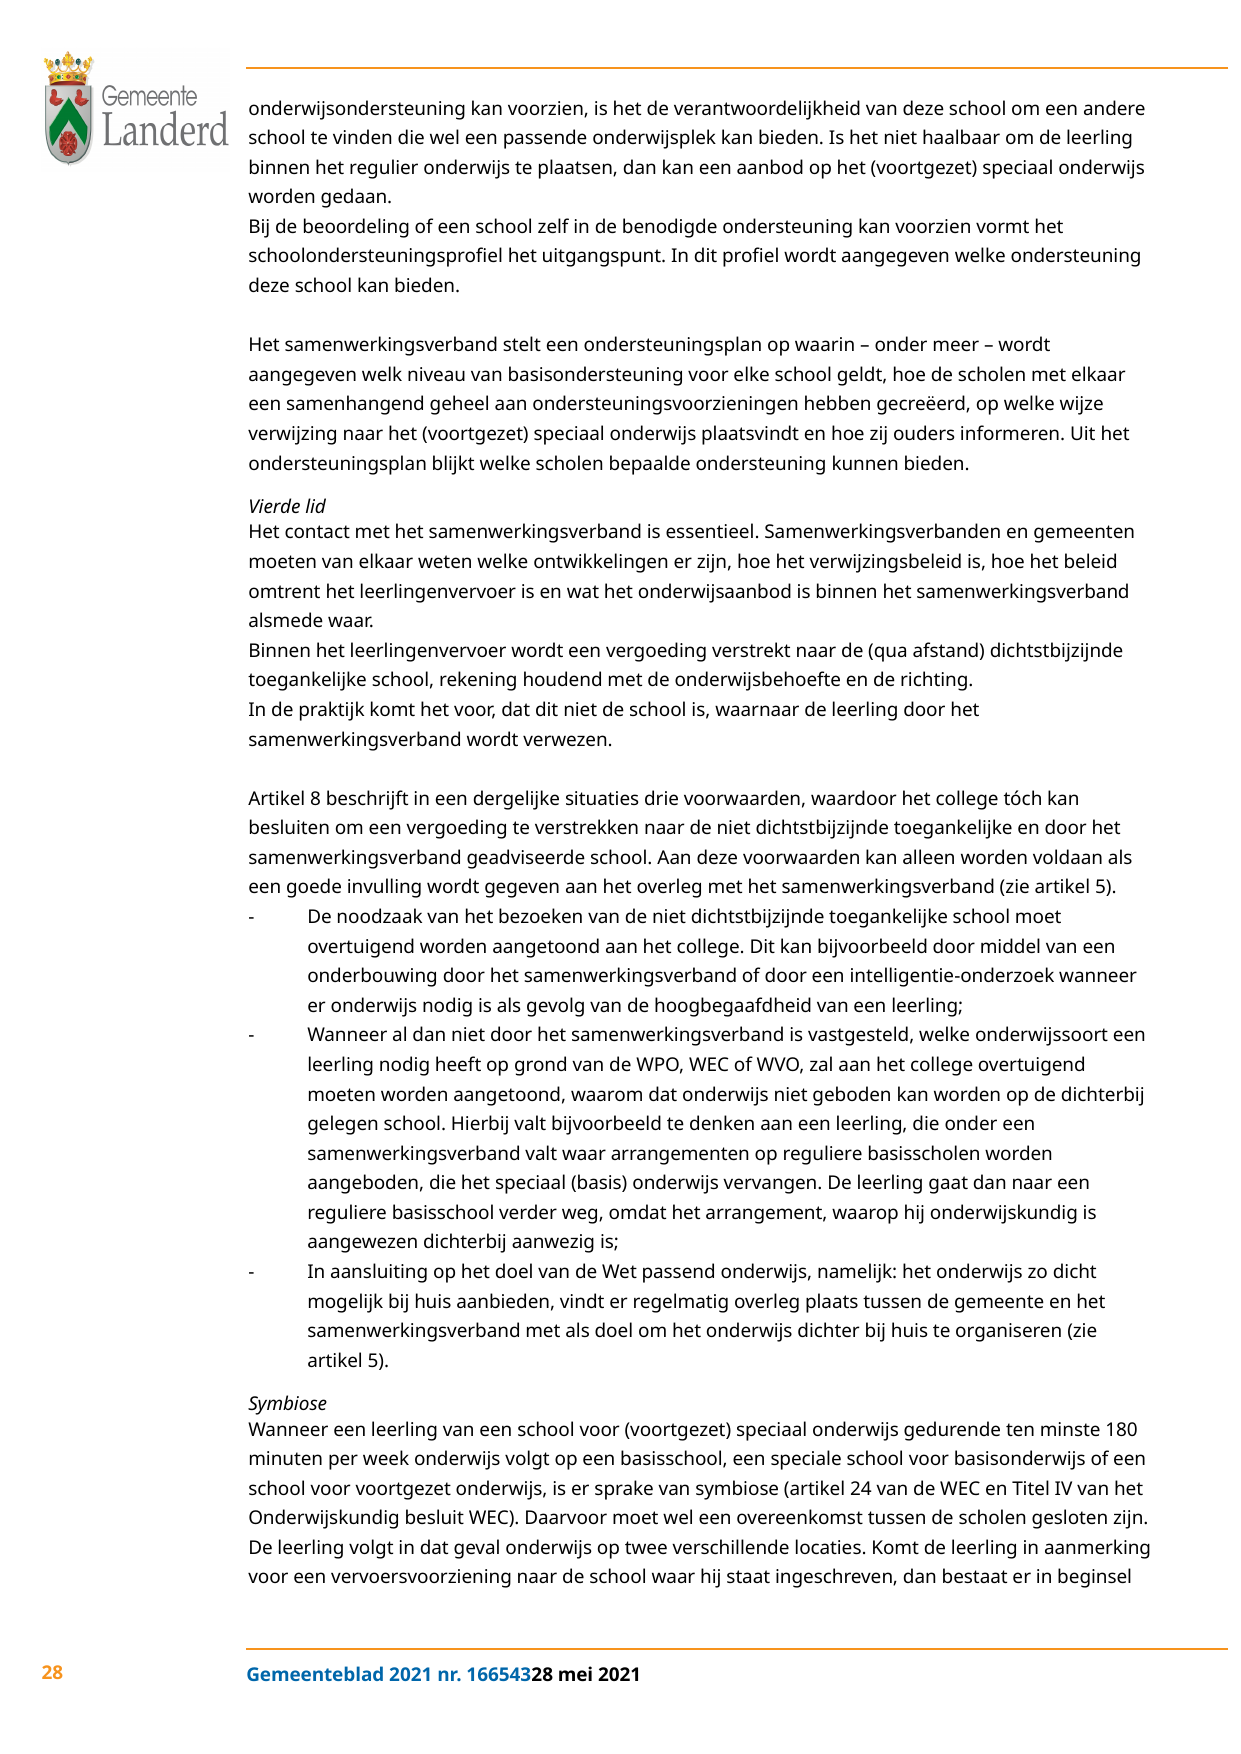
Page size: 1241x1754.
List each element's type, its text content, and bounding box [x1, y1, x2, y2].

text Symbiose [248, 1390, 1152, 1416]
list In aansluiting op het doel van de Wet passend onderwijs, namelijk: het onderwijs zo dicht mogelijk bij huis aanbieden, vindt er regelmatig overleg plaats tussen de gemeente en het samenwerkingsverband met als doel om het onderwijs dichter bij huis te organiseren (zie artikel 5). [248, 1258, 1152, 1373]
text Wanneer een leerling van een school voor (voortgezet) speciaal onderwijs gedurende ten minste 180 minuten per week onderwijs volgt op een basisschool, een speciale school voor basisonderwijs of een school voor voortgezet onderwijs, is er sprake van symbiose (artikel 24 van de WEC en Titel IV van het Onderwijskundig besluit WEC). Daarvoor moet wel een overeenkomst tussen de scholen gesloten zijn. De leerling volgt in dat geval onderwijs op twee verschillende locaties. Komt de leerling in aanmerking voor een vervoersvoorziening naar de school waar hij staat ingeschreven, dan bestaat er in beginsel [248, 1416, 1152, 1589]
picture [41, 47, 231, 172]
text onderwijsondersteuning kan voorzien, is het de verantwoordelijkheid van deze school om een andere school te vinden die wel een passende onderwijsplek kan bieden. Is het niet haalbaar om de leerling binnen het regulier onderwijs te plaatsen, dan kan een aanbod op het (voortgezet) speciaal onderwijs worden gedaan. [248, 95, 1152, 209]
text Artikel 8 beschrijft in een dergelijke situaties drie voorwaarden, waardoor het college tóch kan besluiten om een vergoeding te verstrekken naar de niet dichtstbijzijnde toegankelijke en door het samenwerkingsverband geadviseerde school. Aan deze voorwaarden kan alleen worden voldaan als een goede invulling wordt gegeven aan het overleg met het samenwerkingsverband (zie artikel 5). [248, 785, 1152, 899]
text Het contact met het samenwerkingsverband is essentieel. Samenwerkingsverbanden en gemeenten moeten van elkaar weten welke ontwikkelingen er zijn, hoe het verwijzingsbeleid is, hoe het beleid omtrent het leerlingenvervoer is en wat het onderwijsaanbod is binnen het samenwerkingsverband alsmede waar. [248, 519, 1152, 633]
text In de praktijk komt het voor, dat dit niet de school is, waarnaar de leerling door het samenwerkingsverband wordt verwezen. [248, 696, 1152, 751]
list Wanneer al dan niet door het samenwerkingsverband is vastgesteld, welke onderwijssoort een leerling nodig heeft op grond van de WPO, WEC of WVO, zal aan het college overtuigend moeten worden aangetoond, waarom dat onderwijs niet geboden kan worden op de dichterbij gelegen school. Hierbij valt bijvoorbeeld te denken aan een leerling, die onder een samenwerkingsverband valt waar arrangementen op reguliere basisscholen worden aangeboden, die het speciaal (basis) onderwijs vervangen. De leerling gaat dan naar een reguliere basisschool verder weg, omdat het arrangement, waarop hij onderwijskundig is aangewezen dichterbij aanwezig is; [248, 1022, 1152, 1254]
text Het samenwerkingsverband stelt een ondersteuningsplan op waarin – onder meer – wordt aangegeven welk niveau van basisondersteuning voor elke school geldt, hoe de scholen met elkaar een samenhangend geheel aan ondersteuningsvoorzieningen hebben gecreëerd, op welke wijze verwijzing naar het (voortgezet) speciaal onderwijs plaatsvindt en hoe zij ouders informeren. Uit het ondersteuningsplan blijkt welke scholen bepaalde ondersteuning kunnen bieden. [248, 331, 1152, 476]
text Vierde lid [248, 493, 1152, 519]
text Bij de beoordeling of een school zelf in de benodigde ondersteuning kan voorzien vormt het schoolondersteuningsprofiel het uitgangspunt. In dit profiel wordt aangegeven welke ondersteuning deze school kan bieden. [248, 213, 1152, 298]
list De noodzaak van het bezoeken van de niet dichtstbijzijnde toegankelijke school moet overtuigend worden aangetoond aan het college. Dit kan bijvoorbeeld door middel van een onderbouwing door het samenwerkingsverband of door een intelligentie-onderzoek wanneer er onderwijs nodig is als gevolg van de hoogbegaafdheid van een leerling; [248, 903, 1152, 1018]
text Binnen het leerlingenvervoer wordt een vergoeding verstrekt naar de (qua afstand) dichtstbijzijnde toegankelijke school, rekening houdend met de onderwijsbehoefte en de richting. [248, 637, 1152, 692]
==
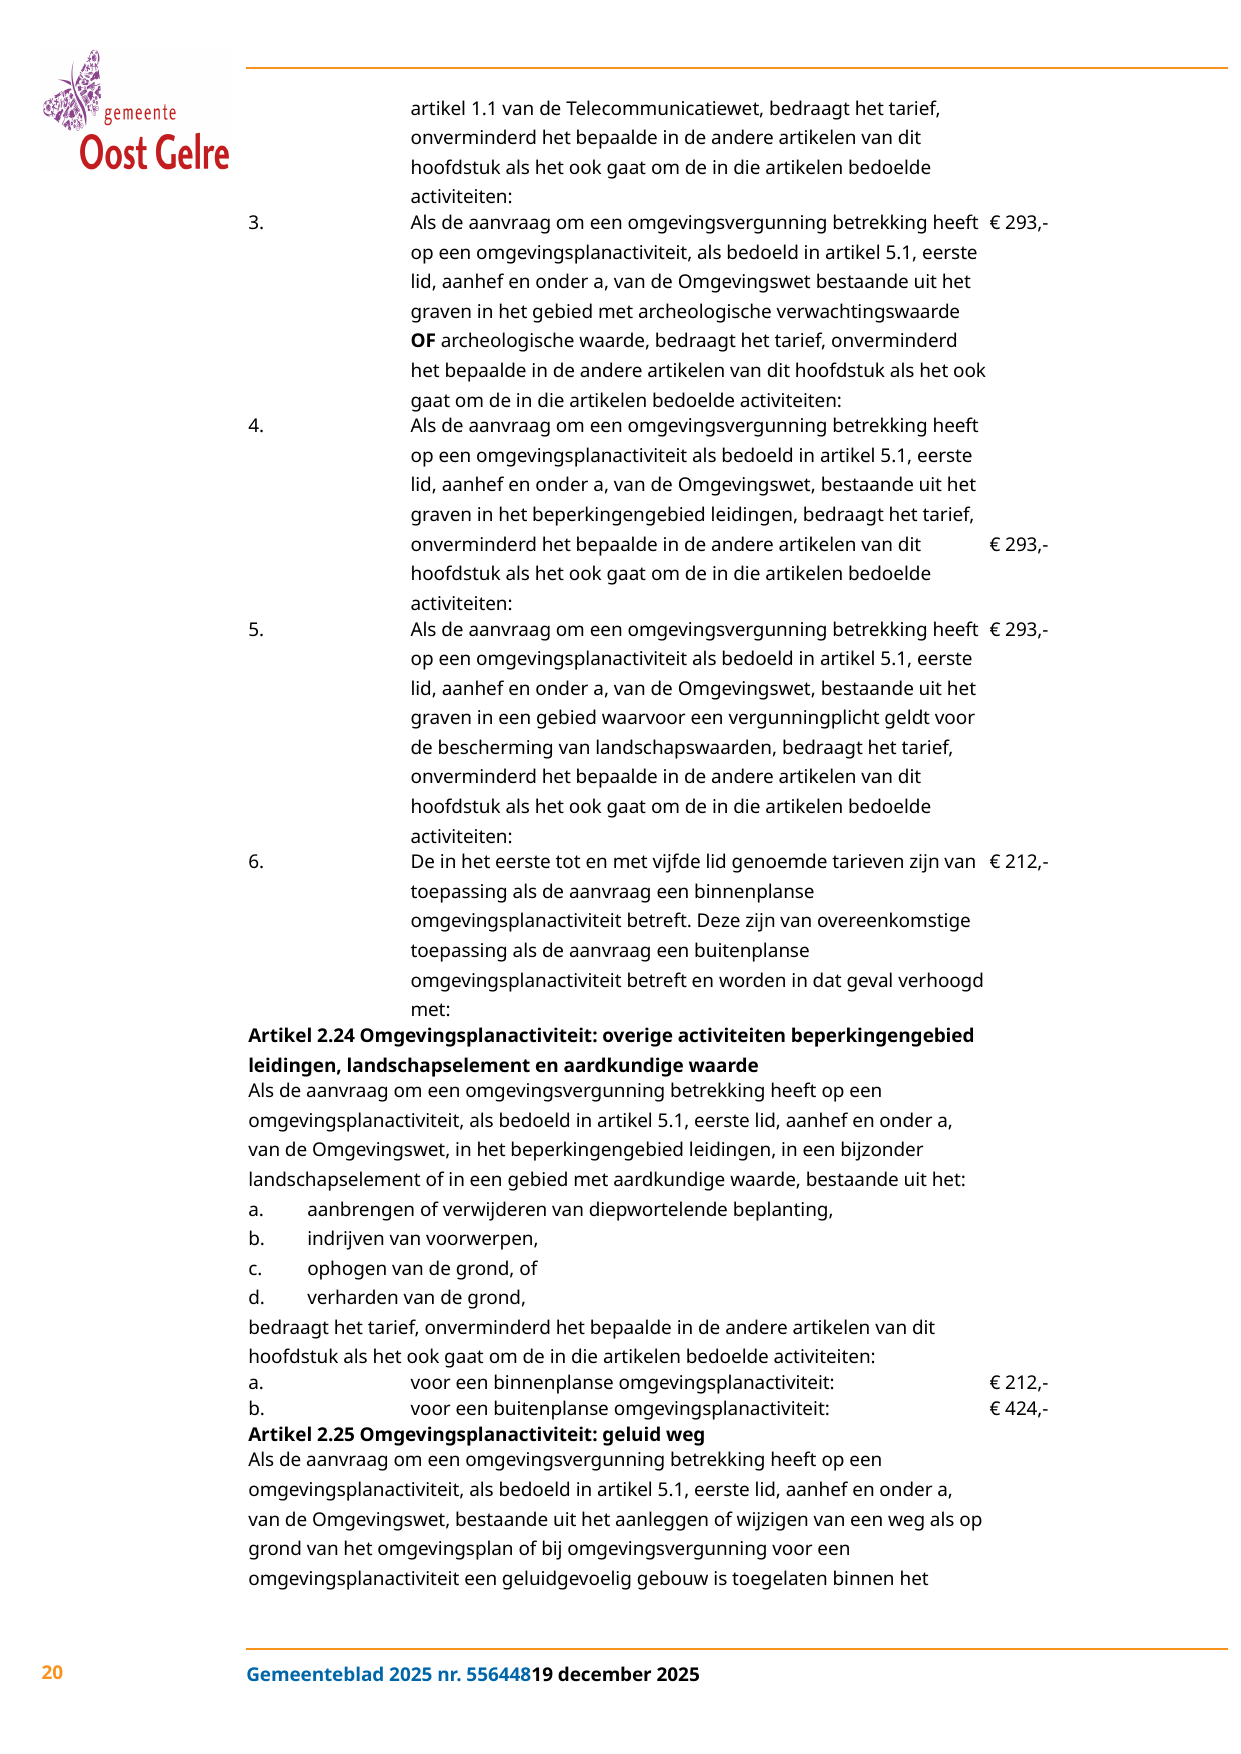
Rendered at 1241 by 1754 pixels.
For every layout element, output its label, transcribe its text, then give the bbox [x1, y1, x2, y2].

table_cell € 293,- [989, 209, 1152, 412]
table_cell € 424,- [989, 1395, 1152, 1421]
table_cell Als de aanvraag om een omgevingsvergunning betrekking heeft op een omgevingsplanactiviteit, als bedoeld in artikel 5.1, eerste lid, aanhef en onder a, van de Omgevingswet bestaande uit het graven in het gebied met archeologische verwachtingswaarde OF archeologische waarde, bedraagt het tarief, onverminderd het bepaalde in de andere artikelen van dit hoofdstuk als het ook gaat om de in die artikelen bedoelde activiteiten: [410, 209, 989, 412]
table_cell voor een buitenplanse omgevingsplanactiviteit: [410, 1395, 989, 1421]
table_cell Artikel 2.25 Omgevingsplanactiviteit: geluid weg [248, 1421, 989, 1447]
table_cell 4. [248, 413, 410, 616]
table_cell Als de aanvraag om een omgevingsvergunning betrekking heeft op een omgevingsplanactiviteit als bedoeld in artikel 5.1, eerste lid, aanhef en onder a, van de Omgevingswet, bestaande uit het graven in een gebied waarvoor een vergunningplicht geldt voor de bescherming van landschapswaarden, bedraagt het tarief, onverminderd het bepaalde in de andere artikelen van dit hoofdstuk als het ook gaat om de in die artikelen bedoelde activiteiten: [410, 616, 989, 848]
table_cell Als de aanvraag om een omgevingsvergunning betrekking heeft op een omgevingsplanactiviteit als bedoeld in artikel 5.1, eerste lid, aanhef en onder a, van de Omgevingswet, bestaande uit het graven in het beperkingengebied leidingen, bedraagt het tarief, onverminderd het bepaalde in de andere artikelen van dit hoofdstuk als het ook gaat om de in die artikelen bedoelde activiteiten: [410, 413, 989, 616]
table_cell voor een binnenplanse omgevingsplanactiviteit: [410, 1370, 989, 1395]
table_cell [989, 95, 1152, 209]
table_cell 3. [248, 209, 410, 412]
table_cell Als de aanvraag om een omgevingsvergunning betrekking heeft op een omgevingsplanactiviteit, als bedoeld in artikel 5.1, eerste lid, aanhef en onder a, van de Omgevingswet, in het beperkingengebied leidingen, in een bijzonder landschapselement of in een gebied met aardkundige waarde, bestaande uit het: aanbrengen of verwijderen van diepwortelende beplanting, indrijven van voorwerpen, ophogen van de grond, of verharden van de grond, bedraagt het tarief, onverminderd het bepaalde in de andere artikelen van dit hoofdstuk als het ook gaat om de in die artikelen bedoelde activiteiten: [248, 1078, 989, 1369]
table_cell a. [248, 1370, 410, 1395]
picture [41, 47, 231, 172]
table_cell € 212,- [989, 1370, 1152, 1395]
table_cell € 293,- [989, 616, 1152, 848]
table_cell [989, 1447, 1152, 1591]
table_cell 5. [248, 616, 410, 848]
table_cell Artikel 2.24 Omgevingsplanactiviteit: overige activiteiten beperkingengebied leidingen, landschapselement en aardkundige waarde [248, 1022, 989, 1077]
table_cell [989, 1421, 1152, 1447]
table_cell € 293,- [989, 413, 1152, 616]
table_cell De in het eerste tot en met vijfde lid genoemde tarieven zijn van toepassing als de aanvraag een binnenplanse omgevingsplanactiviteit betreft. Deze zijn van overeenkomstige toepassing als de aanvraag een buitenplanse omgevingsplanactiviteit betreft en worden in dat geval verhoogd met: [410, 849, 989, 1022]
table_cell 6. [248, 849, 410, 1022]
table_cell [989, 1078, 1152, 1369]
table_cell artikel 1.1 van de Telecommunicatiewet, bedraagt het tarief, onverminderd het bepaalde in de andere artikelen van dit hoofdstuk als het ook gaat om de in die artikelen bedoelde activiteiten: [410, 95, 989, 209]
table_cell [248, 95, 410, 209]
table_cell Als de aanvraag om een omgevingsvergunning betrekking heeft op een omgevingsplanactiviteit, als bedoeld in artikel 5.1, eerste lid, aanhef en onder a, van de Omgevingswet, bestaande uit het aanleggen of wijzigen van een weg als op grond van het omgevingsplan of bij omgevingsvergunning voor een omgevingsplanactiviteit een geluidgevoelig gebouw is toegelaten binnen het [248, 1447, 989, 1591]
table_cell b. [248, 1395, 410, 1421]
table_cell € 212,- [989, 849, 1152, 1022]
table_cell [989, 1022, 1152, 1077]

About this task: Look through the entries above and report the number of lines that contain "buitenplanse". Write only the number.

Task result: 2